# [What you need to do]
Single out the lines of the material that contain "screenshot" and copy them.

# [Records for the exercise]
|---|

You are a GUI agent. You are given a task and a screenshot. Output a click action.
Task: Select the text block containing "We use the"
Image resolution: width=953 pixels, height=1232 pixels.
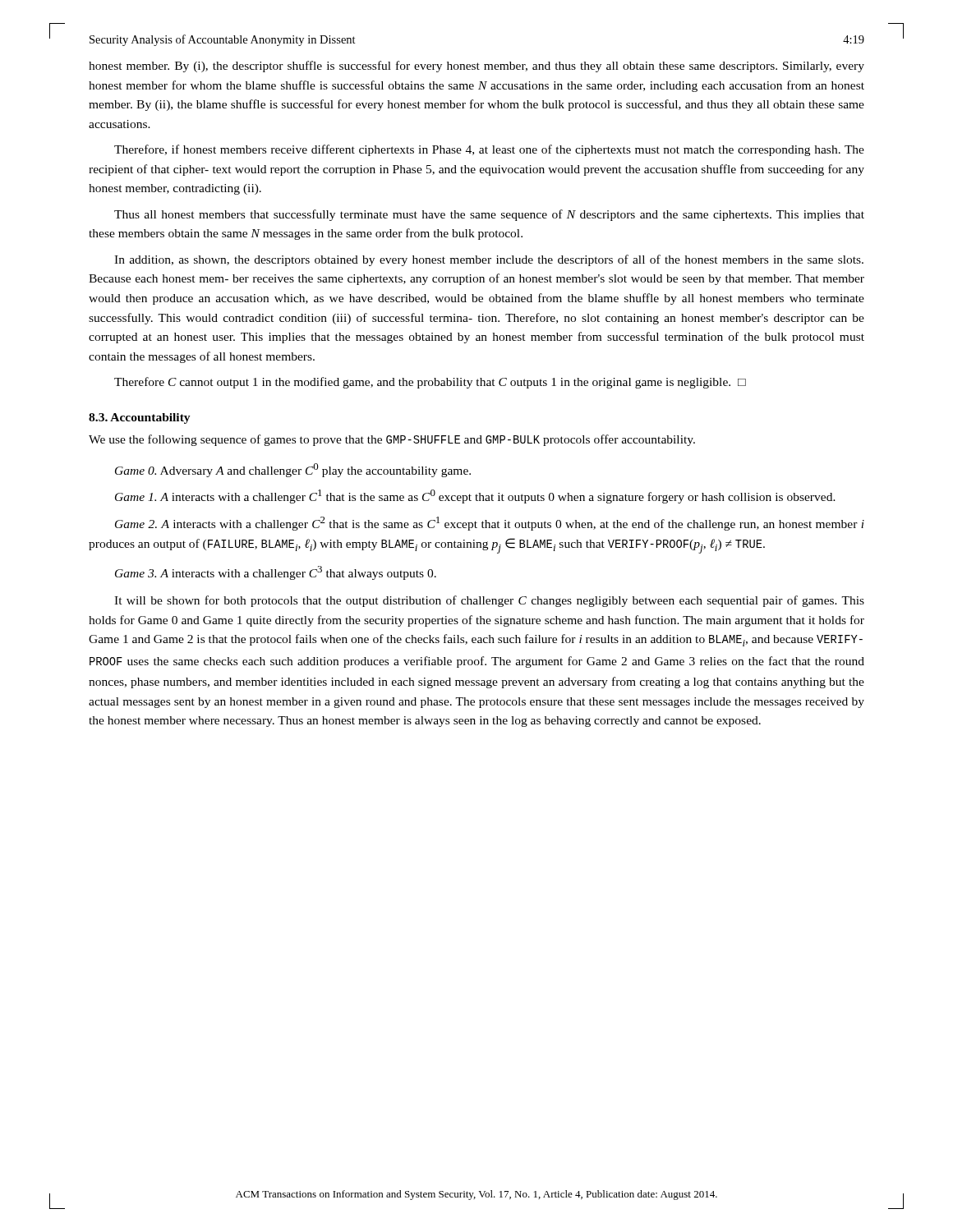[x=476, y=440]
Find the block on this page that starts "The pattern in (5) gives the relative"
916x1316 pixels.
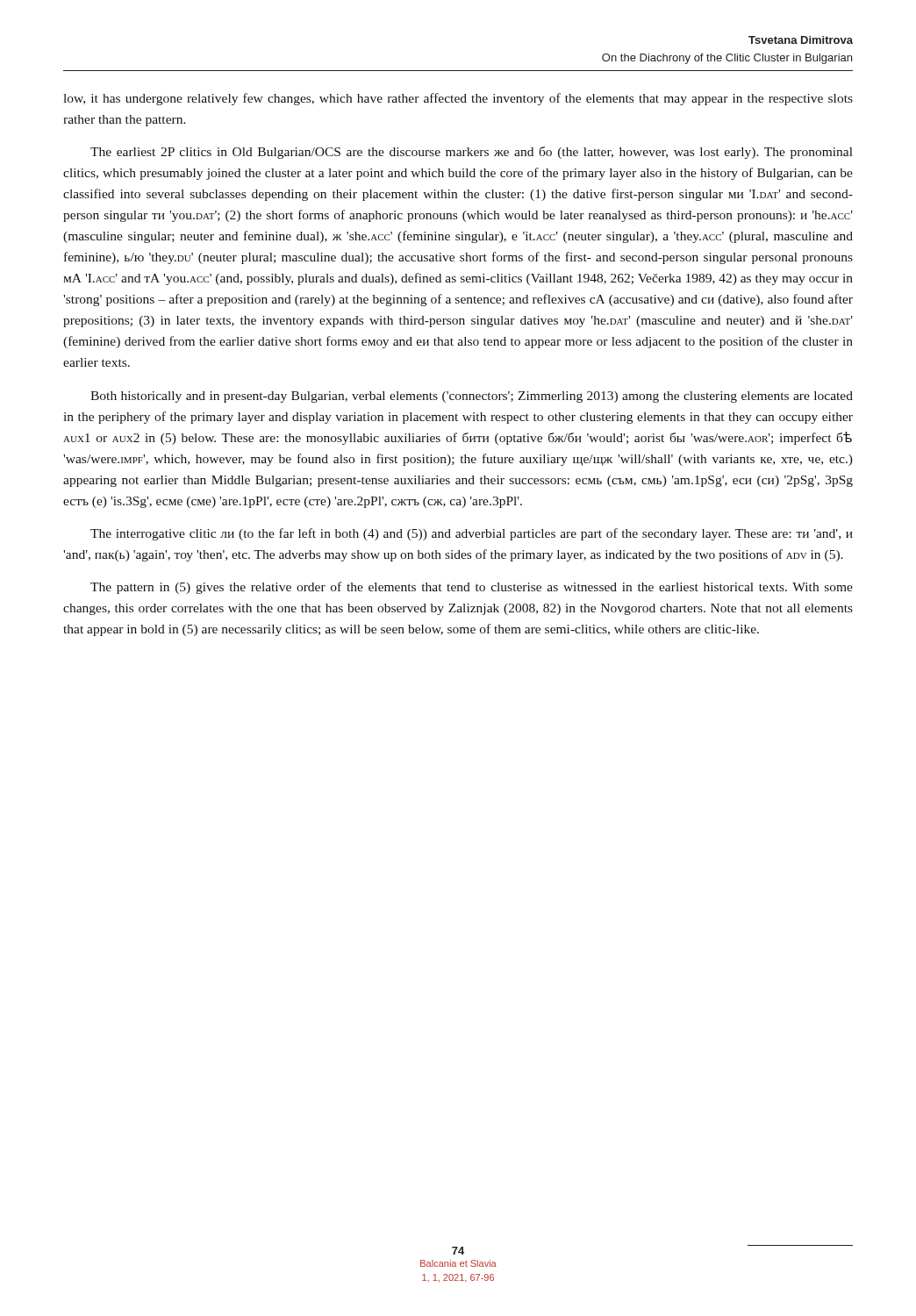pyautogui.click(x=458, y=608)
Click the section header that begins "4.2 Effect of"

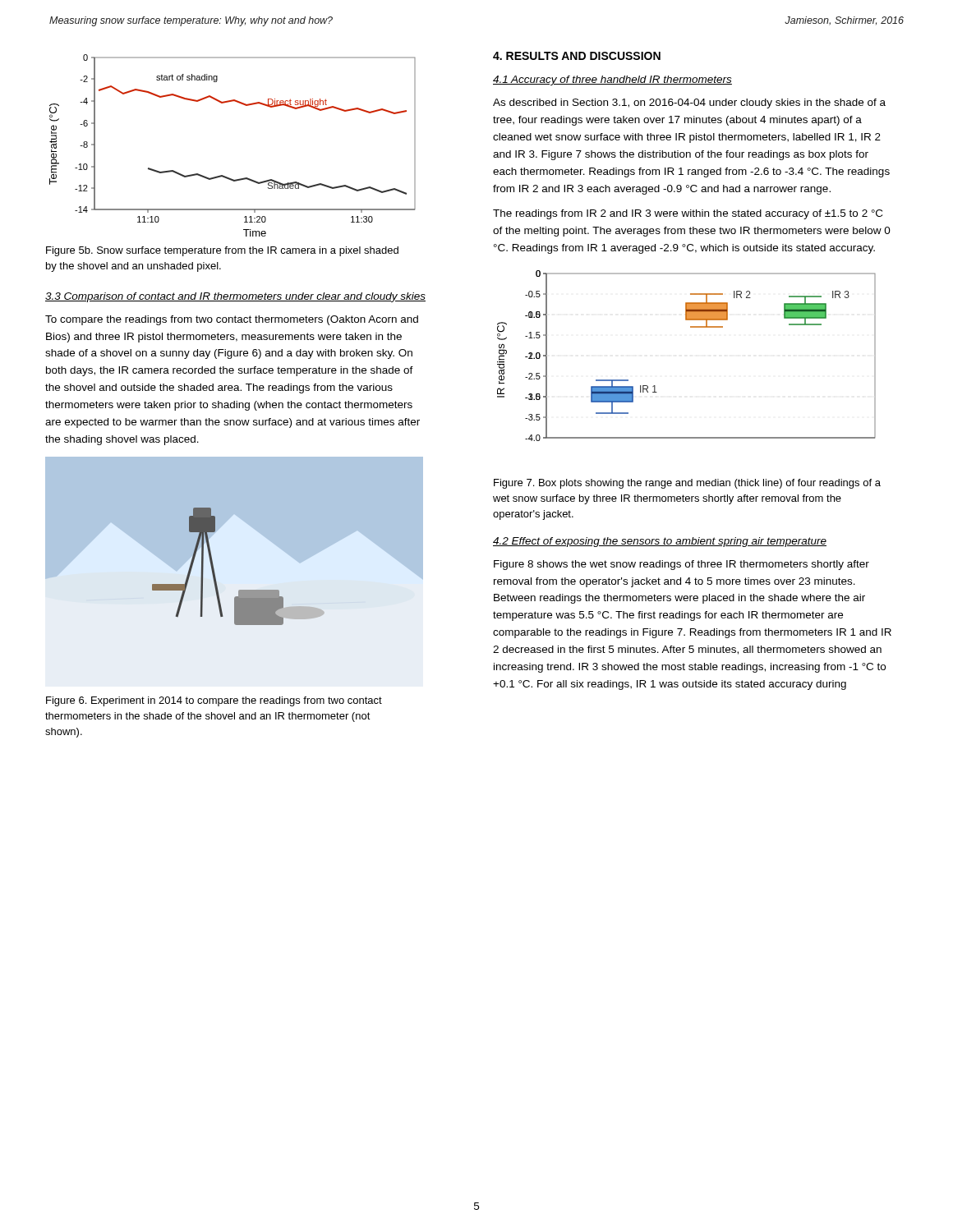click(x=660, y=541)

|---|

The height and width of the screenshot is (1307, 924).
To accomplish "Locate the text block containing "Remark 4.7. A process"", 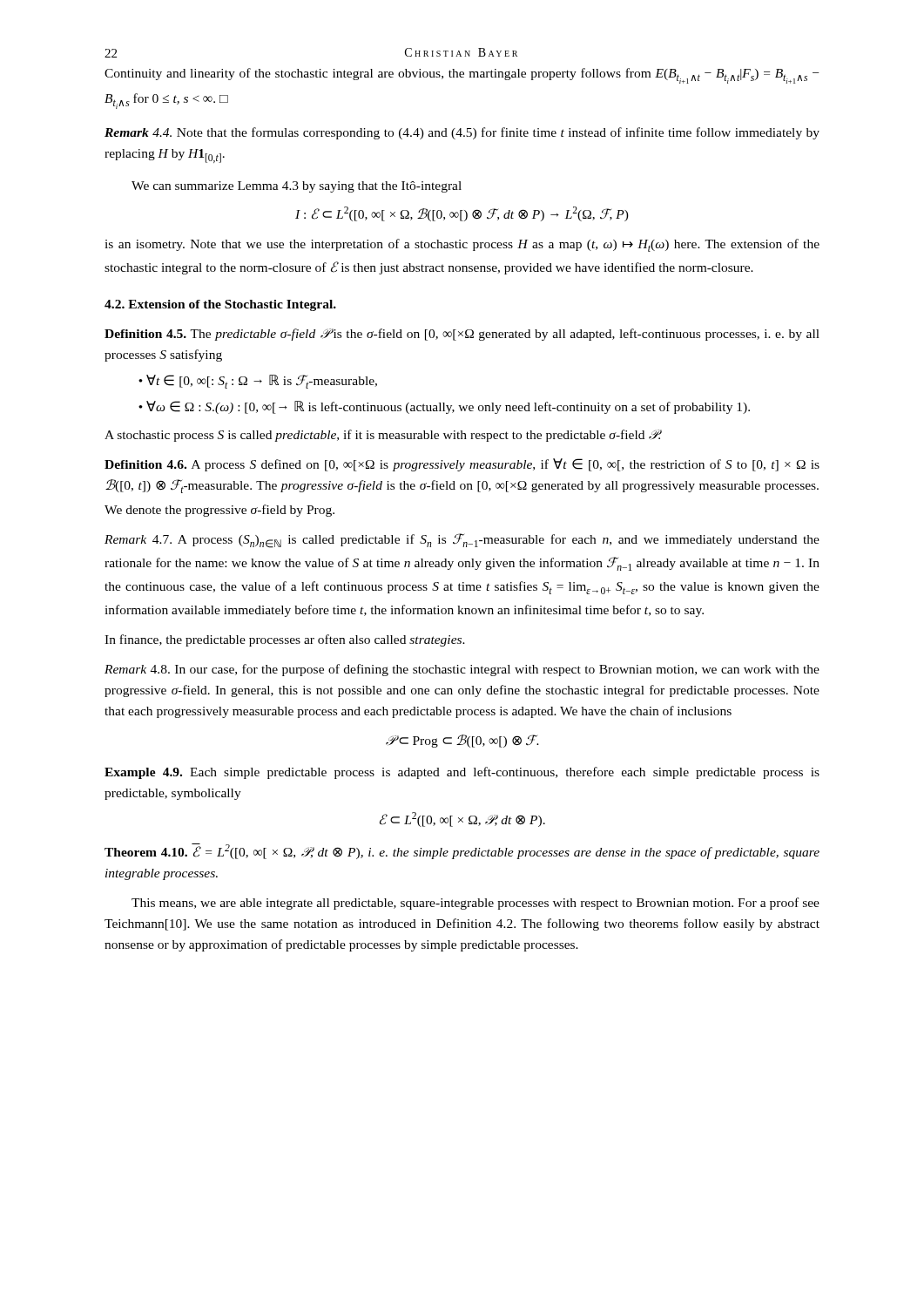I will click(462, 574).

|---|

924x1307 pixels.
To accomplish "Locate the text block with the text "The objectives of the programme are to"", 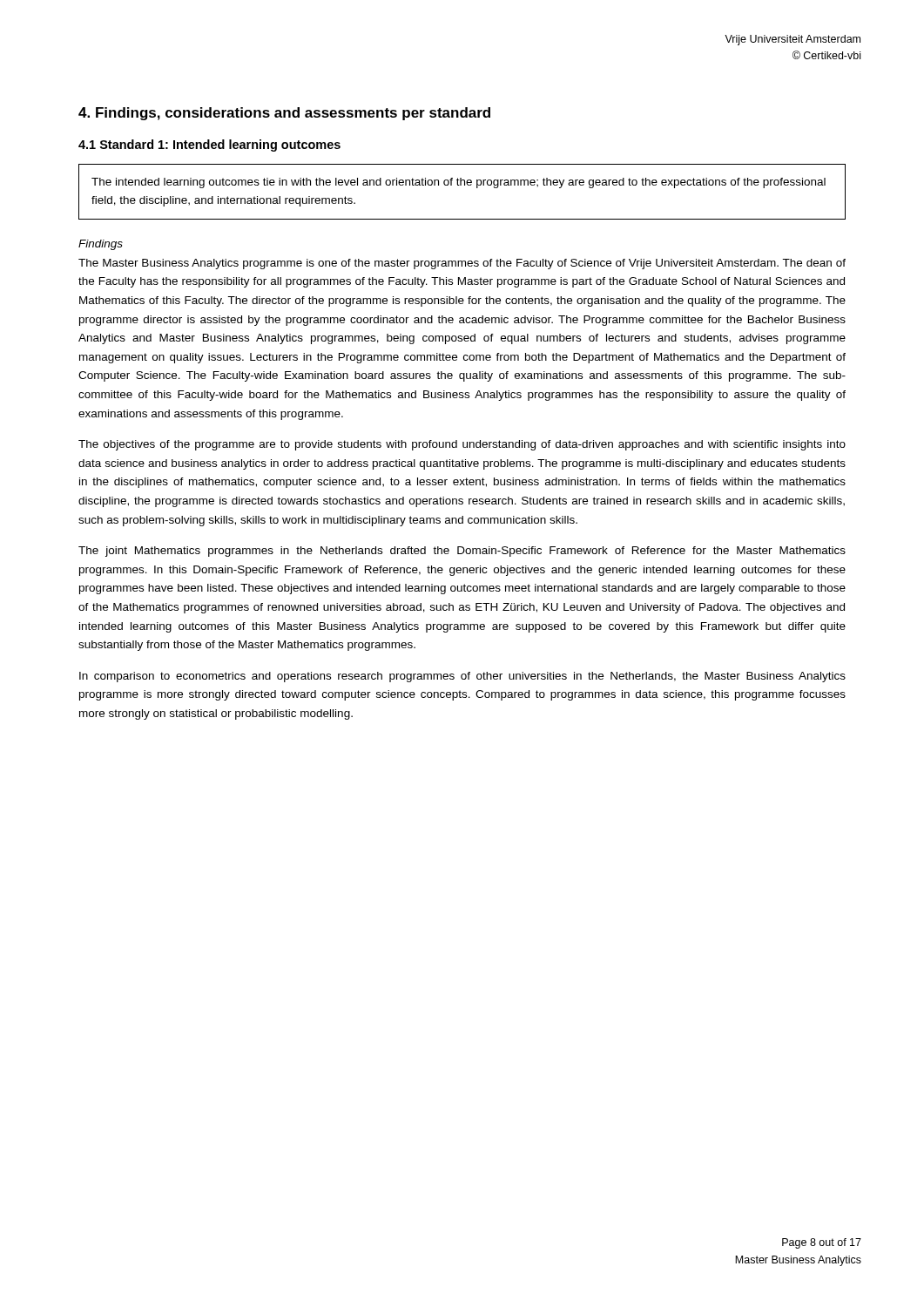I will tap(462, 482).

|---|

# [Expected answer]
You are a GUI agent. You are given a task and a screenshot. Output a click action.
The height and width of the screenshot is (1307, 924).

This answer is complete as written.